Schema-level merges. A three-way merge that succeeds as a pushout in the panproto-vcs setting may not have a byte-level representation that git can merge cleanly. When the export translation runs on a panproto-vcs merge commit, it produces a git commit whose tree reflects the merged schema’s byte form but whose diff against the parents is at the byte level. A git user pulling the exported repository sees a merge commit that touched a schema file and may find that git’s three-way line merge on the schema file’s bytes produces conflict markers; the schema-level resolution panproto-vcs reached is not visible as a git-level merge strategy.

The common mitigation is to encode the panproto-vcs merge as a pair of sequential commits in the exported git history: the left branch is merged first, producing an intermediate byte-level state; the right branch is merged against that intermediate state. This gives git a clean byte-level history even when the panproto-vcs merge operated at the schema level. The exporter does this automatically through a flag on panproto_git::export.

Further reading

For git’s own extensibility mechanisms that the bridge uses, the git-remote-helpers documentation is the authoritative reference. Chacon & Straub (2014) covers git’s object model at the depth the bridge depends on; understanding how git stores commits, trees, and blobs is a prerequisite for understanding what the bridge has to translate and what it cannot.

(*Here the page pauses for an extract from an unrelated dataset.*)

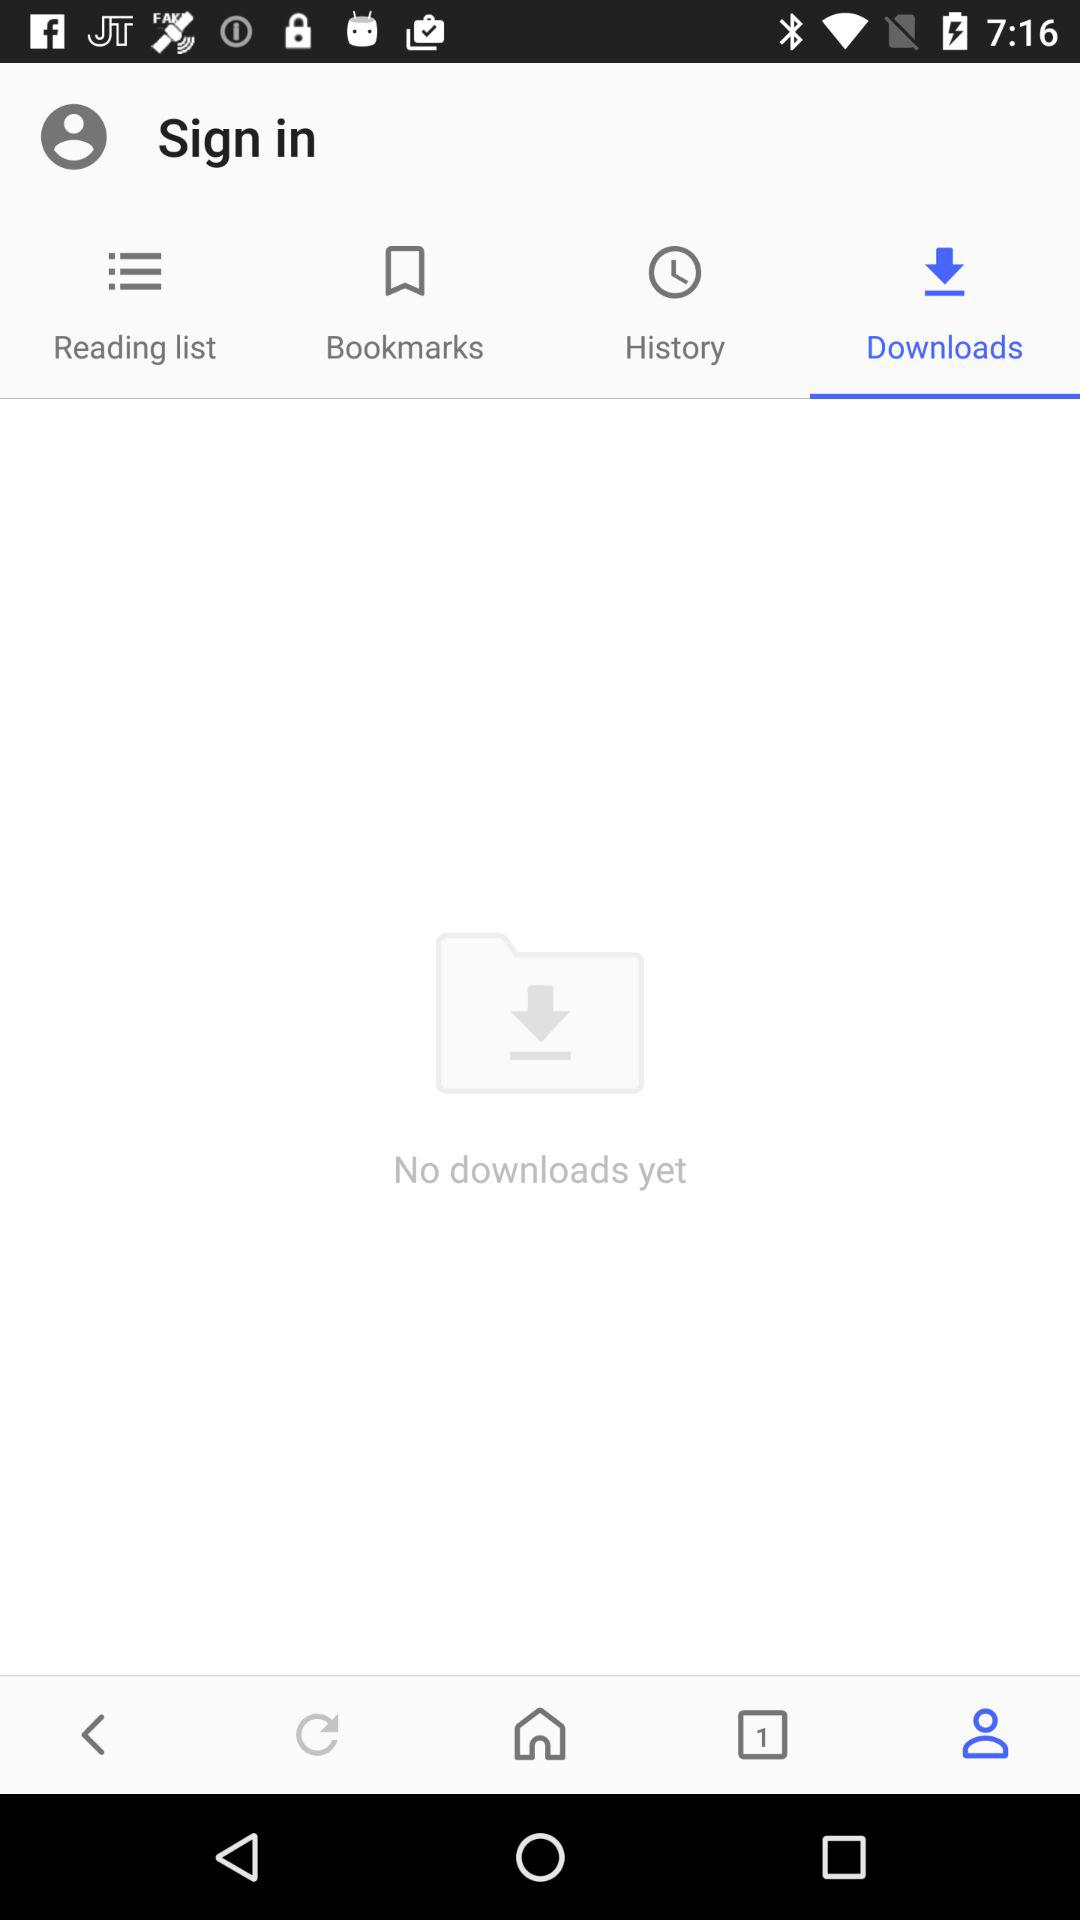How many downloads does the user have?
Answer the question using a single word or phrase. 0 
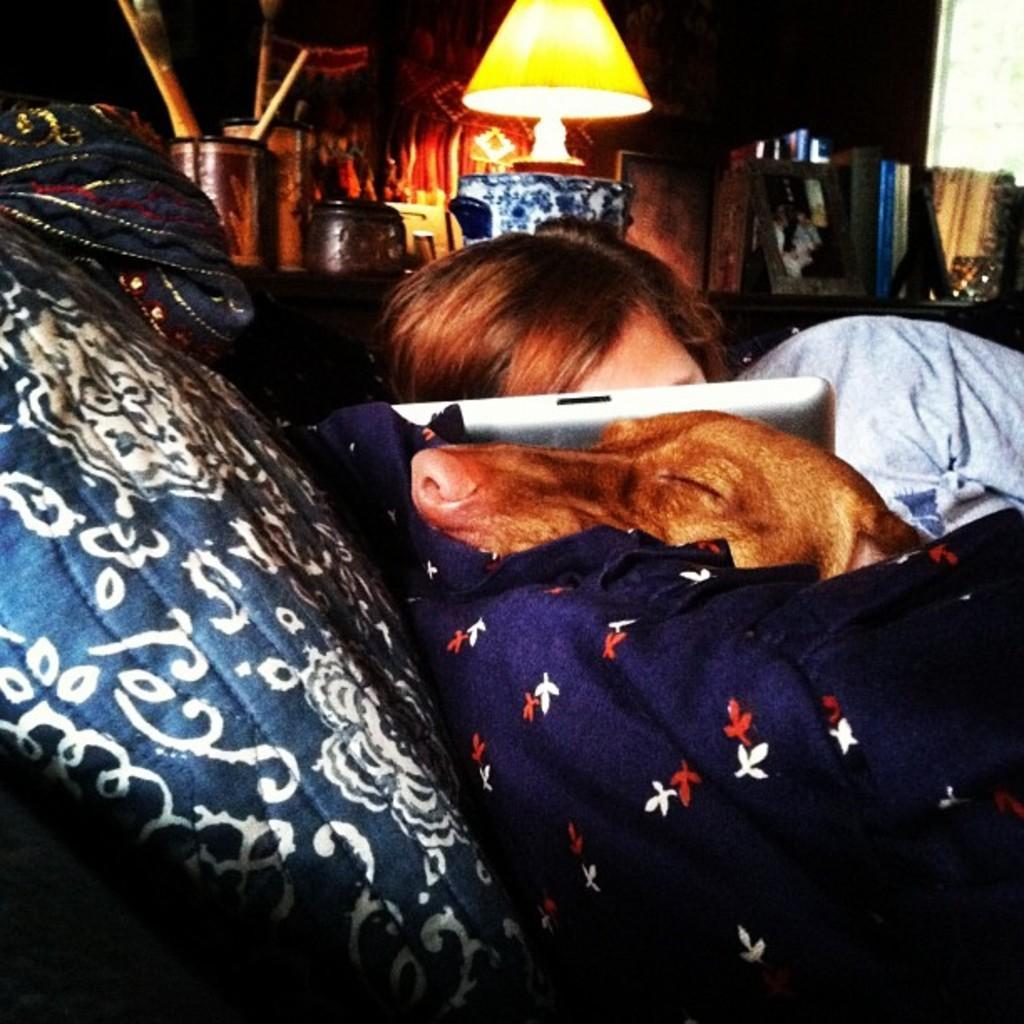How would you summarize this image in a sentence or two? In the center of the image we can see a person and a dog sleeping on the bed. There is a blanket and we can see a tablet. In the background there is a table and we can see a lamp, photo frame, books and jars placed on the table.

For the deeper question of what can and cannot be preserved in a bidirectional translation between two version-control systems with different object models, the bidirectional-transformations literature (Bidirectional lenses) applies. The git bridge is itself a lens in the categorical sense: a get (export to git) and a put (import from git) with round-trip laws documented in the chapter above.

Closing

Part V ends with this chapter. Part VI turns to the operational layer: the WebAssembly boundary through which every non-Rust client interacts with panproto, the Rust SDK, the TypeScript SDK, the Python SDK, and the CLI.